We anticipate that students will have access to a laptop computer or workstation with good internet to work on exercises both during and outside of classes (pairing up is encouraged even if you both have laptops). As long as students have a good internet connection, then their local computer can be used for accessing cloud resources and need not be high-powered. If anyone is likely to work form a location with poor internet speed/reliability, then they are encouraged install and run software locally, particularlly for the early part of the class. While students will still need to submit jobs to the ICDS Roar supercomputer during the second half of the class, much of the software development can be done locally before connecting to Roar to submit jbos and retrieve results.

Basic Software

Students will need regular access to the following software:

  • Browser: Many cloud resources such as those we will be using regularly (e.g., Roar Collab Portal/, GitHub, etc.) require a modern browser. Based on documentation that I've found for the most demanding sites, I beleive that that Chrome (22+), Firefox (16+), and Internet Explorer (11+) should work, however it's not practical for the instructor to test each possible browser, OS, etc. I plan to test the in class and homework exercises using Chrome. If you find a problem that arises or is fixed by changing browsers, please let the instructor and class know, so others can benefit from your experience.

Many of the early assignments could be executed either on the student's local computer, Penn State's Roar Collab supercomputer, also known as Advanced CyberInfrastructure (ACI) operated by the Institute for Computational & Data Sciences. However, once we get to parallelizing code, students will need to use the HPC resources provided by ACI anyway. Therefore, all students should setup an account for use ACI during the later parts of the course, regardless of whether they install local software.

Optional Software

For students who find it convenient to install additional software on their local computer, they would likely to want to setup:

Accounts

  • All students should request an ACI account (via theICDS website before the second class meeting.

  • Students should create an account on GitHub. Note that we will examine and discuss student's code both during class and via peer code review. Students may choose to protect their privacy by choosing a github account id that does not identify them. Students may wish to create a separate github account just for this class, so as to avoid being identified by other projects.

  • Prior to the second class meeting, students should send the instructor their GitHub userid.

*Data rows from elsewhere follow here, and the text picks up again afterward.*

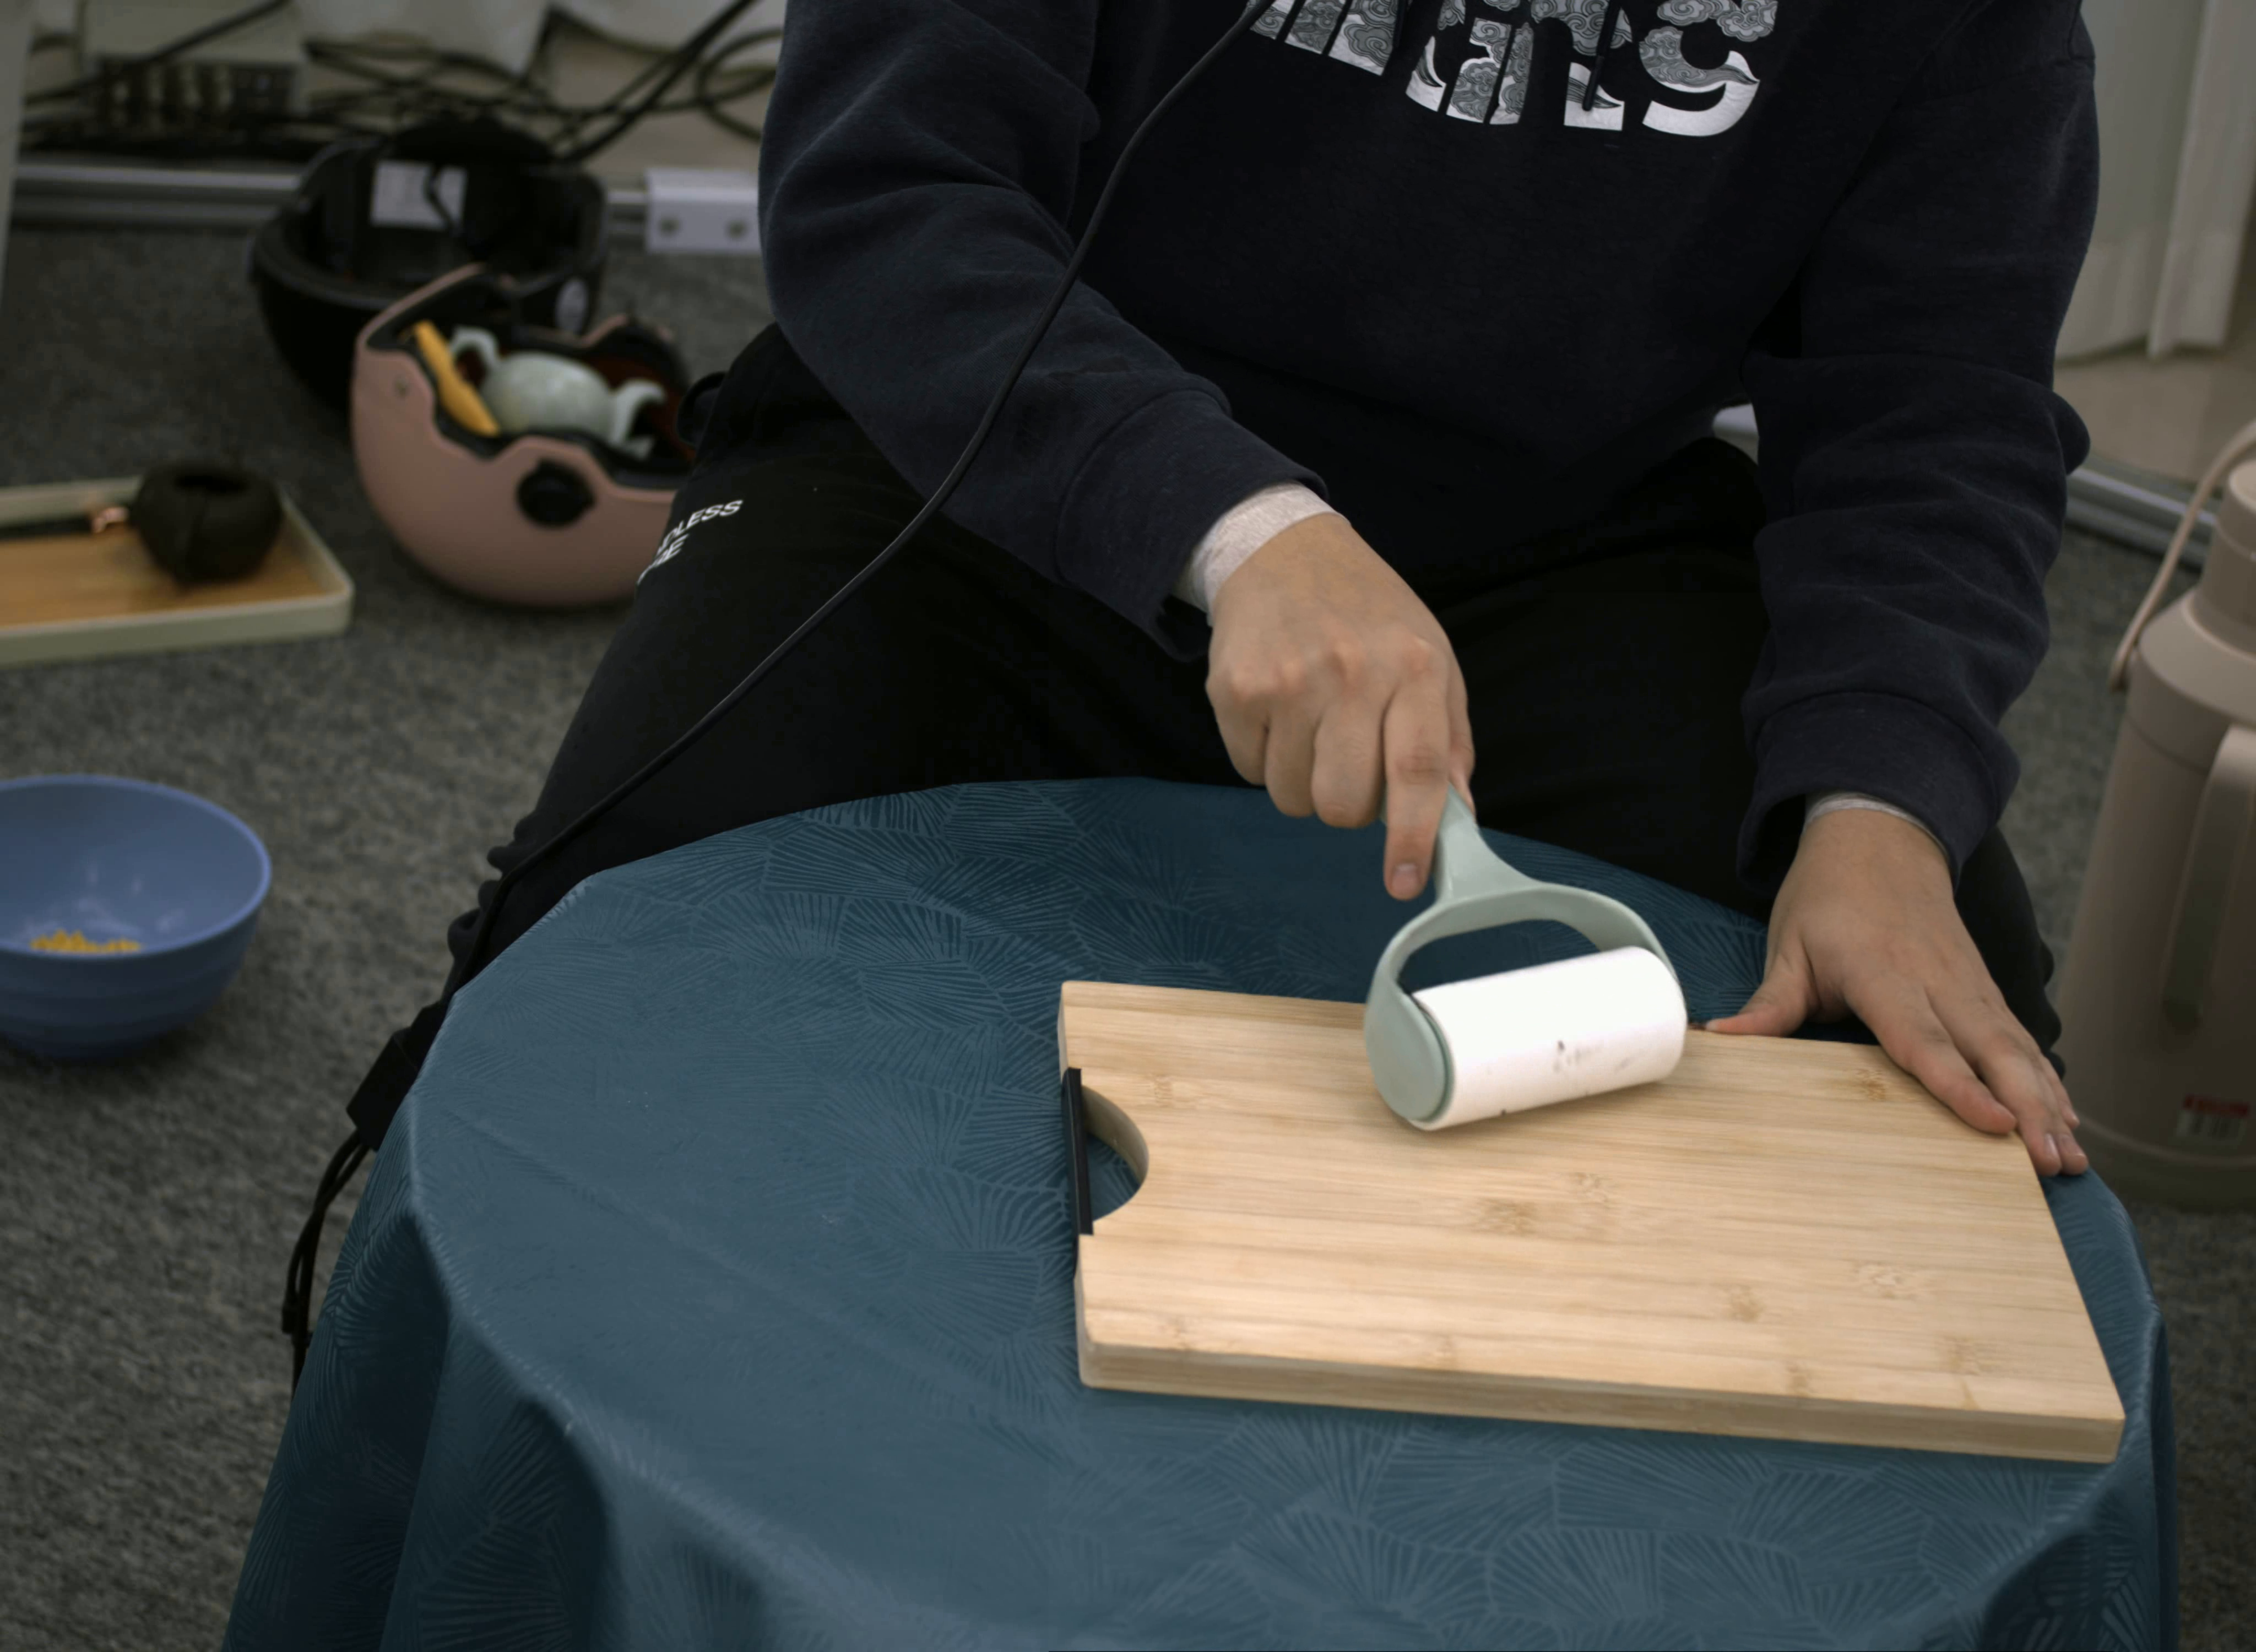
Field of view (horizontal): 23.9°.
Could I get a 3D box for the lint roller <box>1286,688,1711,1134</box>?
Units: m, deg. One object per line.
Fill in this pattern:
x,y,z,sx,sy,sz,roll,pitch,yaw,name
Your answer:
0.116,0.017,1.886,0.116,0.048,0.199,-12,57,-29,lint roller

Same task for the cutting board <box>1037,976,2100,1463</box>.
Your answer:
0.143,0.131,1.810,0.347,0.023,0.252,4,26,-5,cutting board

  • Students should make use of Top Hat for submitting reading questions. Top Hat Activation Instructions are avaliable.

Safety

While attendance and participation in class is important to the class and your learning, it is more important that we all stay safe and healthy. All students must follow all safety protocols (e.g., COVID) required or recommended by the university. University policies and recommendations may change during the semester. As of the start of class, current CDC and university guidance is to wear a facemask for 10 days after a known COVID exposure. The most up-to-date information can be accessed at https://virusinfo.psu.edu/university-status/.

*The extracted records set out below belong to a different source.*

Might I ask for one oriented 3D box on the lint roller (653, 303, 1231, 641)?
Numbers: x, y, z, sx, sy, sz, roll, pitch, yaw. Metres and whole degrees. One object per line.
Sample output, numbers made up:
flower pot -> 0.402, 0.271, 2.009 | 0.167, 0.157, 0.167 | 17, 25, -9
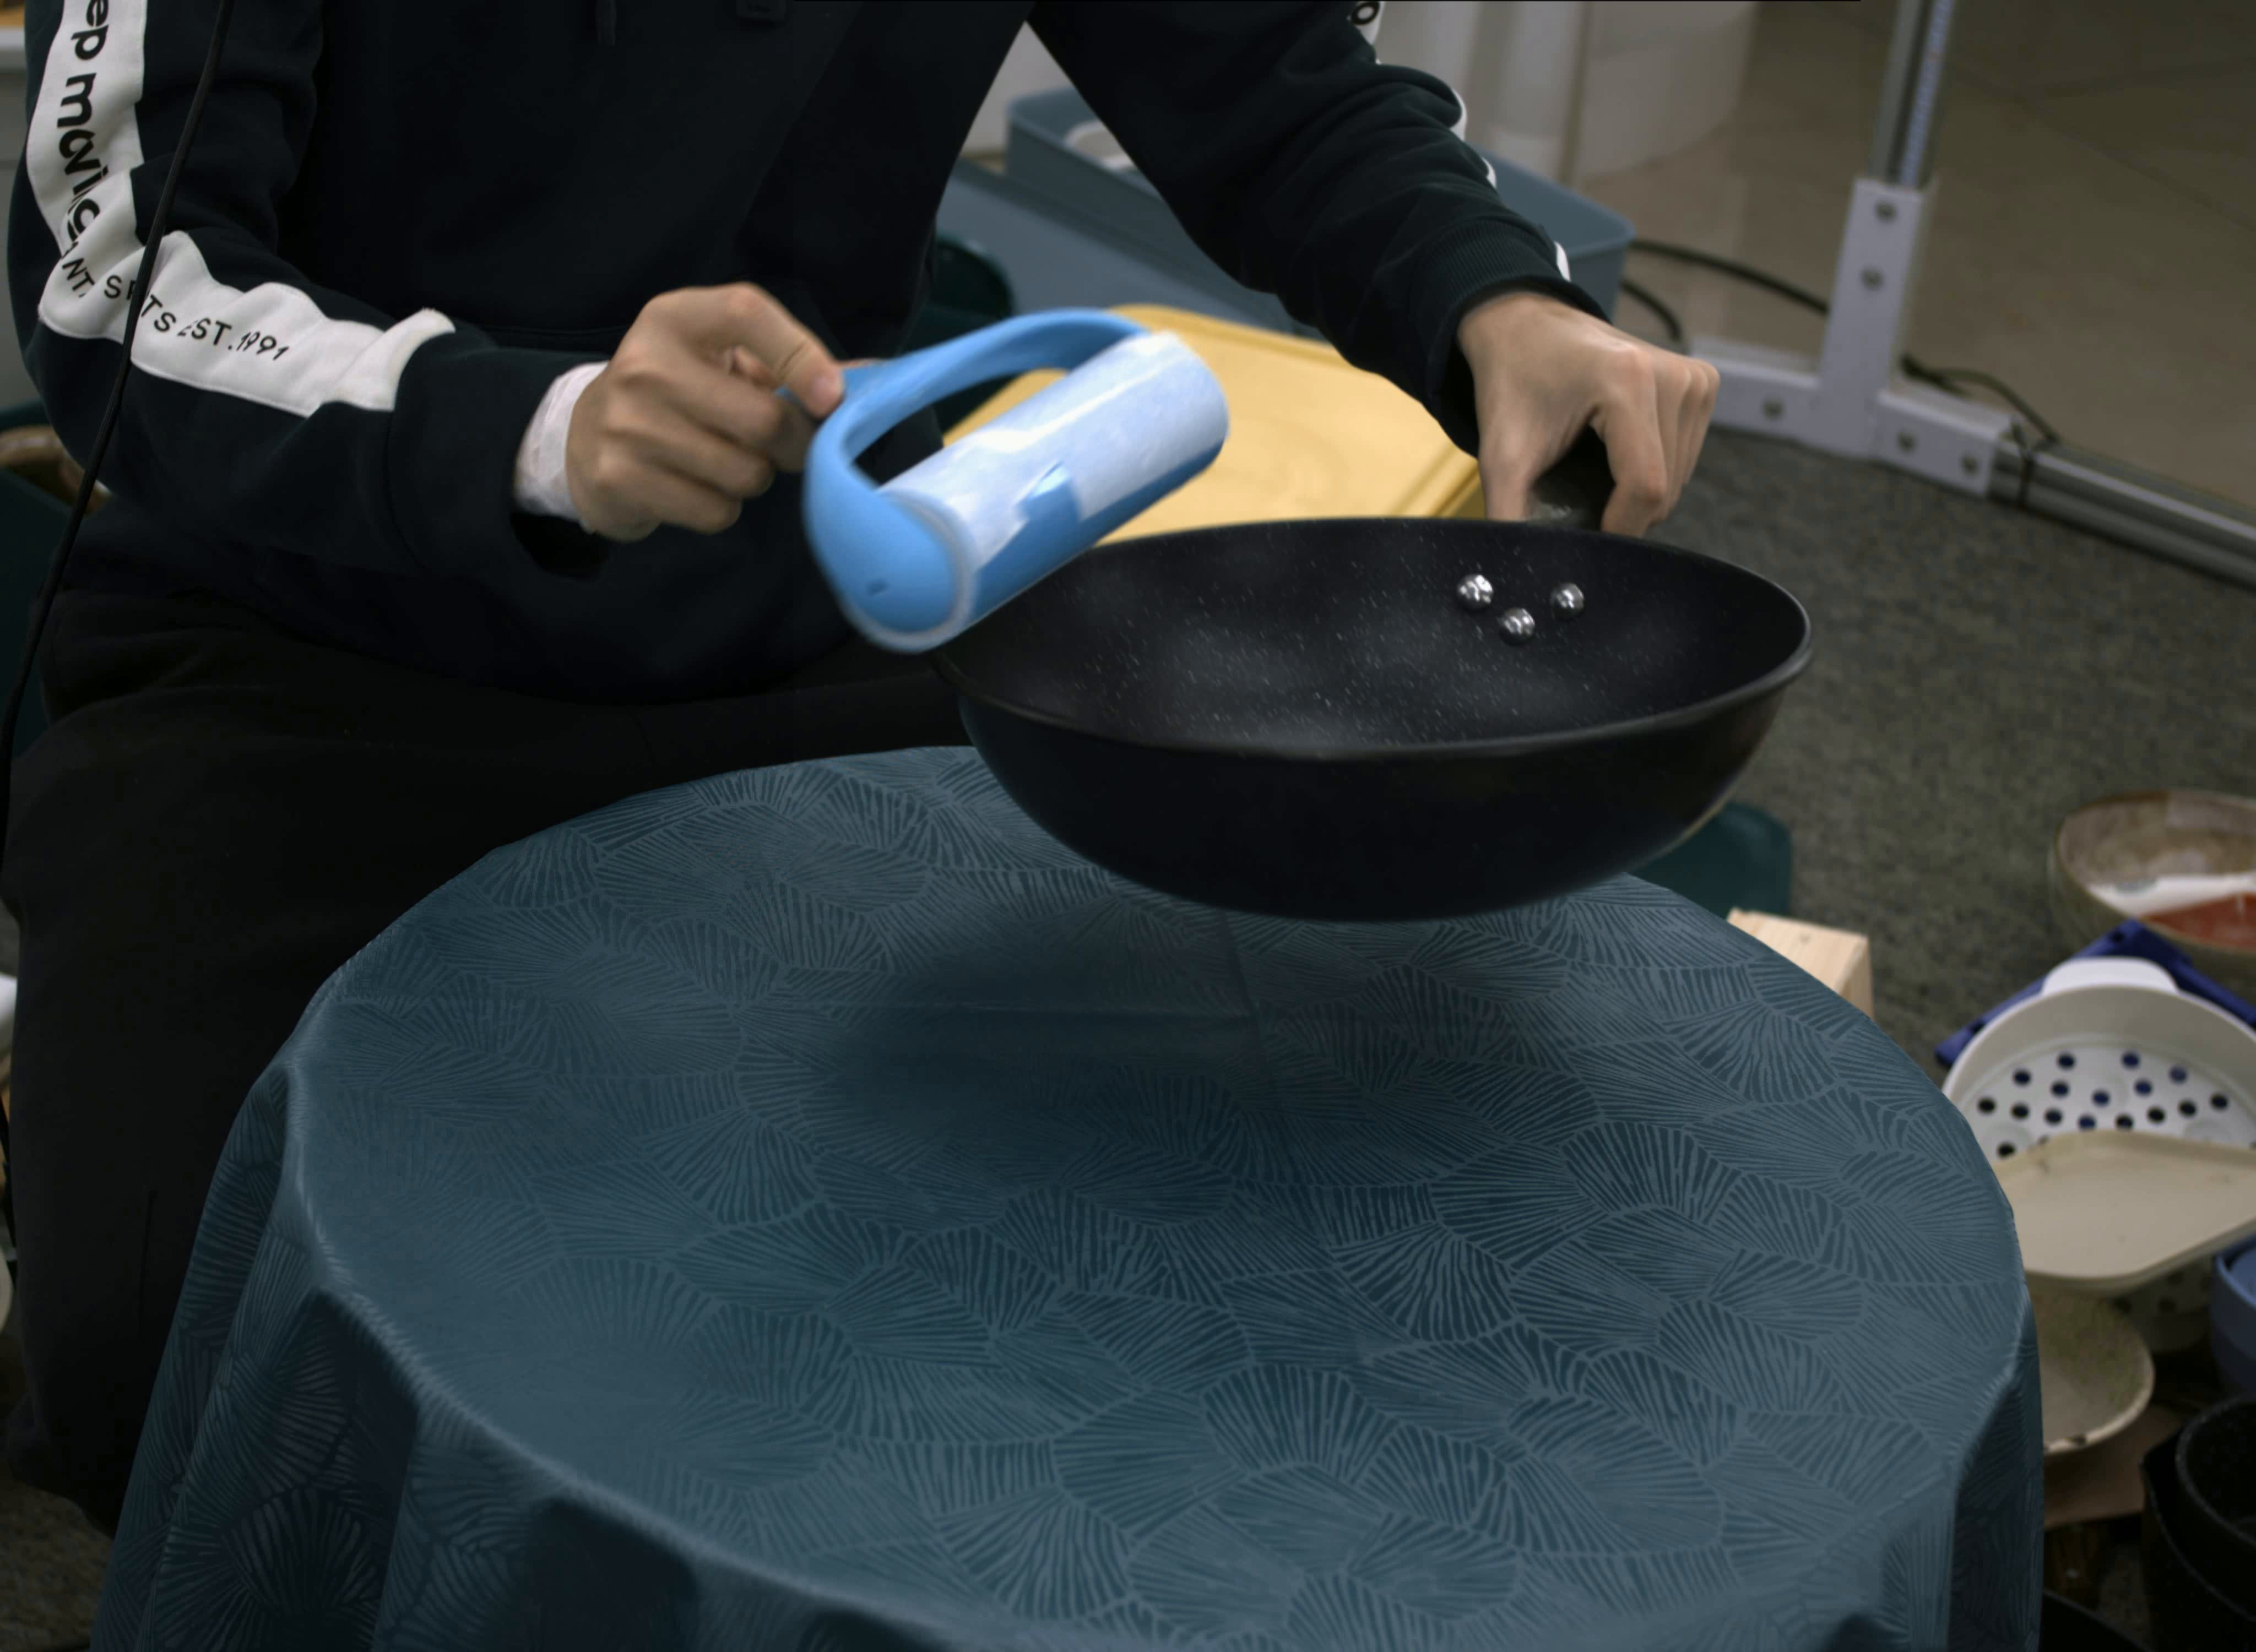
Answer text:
lint roller -> -0.080, -0.124, 1.793 | 0.180, 0.068, 0.229 | 6, 24, 19

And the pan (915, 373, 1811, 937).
pan -> 0.116, -0.062, 1.921 | 0.311, 0.111, 0.476 | 8, 19, 24

Any student who does not feel well must not attend class in Davey Lab. If you have reason to beleive that you have been exposed to an infectous disease (e.g., COVID), you should either self-isolate or wear a well-fitting high-quality mask (e.g., N95, KN95, KF94) while in Davey Lab. If you choose to self-isolate, then you can still earn full credit for reading questions and class participation by submitting reading questions prior to class and submitting lab and project assignments. Students should make plans to get a classmate’s notes for any missed class sessions. Some of the class sessions may be moved online, based on community conditions or if the instructor needs to quarantine or isolate.

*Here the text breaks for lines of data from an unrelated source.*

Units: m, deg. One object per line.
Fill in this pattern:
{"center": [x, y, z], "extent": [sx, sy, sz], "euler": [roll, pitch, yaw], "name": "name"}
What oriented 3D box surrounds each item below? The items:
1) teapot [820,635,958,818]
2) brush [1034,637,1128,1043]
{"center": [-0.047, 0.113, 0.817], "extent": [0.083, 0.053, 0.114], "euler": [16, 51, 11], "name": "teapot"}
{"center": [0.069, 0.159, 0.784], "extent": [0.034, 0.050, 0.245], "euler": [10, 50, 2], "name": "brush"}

While COVID-19 cases have decreased substantially since fall of 2021, COVID-19 remains a pandemic. More transmissible variants are a major concern. Penn State urges everyone to continue to take steps to protect not only themselves, but their colleagues, friends, and the campus by practicing good hand hygiene, staying home if you are sick, being up to date on vaccinations and boosters, and wearing a high-quality, well fitting mask indoors. There is evidence that masks are effective in reducing the transmission of COVID-19 (e.g., Li et al., 2020, Lima et al., 2020, Talic et al., 2021). Everyone is strongly encouraged to wear masks while indoors, so as to reduce the risk of any class participants getting sick or needing to self-isiolate and to allow everyone to focus on the class, rather than being distracted by safety concerns.

While some students may be comfortable working in close proximity with a partner on a lab assignment or class project, others may prefer to maintain more physical distance or to collaborate remotely. Students are expected to respect others' requests for physical distancing.

Expectations

Etiquette

Students are expected to be civil and considerate during class, regardless of whether it is online or in person. In particular, we want to create an environment where everyone feels comfortable asking questions and sharing imperfect code. Students should refrain from any actions that distract their classmates, instructor or the class. It's understandable the cell phones will often be used for two factor authentication, but they should be silenced and put away during class once you've authenticated. Taking notes on laptops or looking up information relevant to class discussion is encouraged. However, apps and windows unrelated to the class should be closed throughout class.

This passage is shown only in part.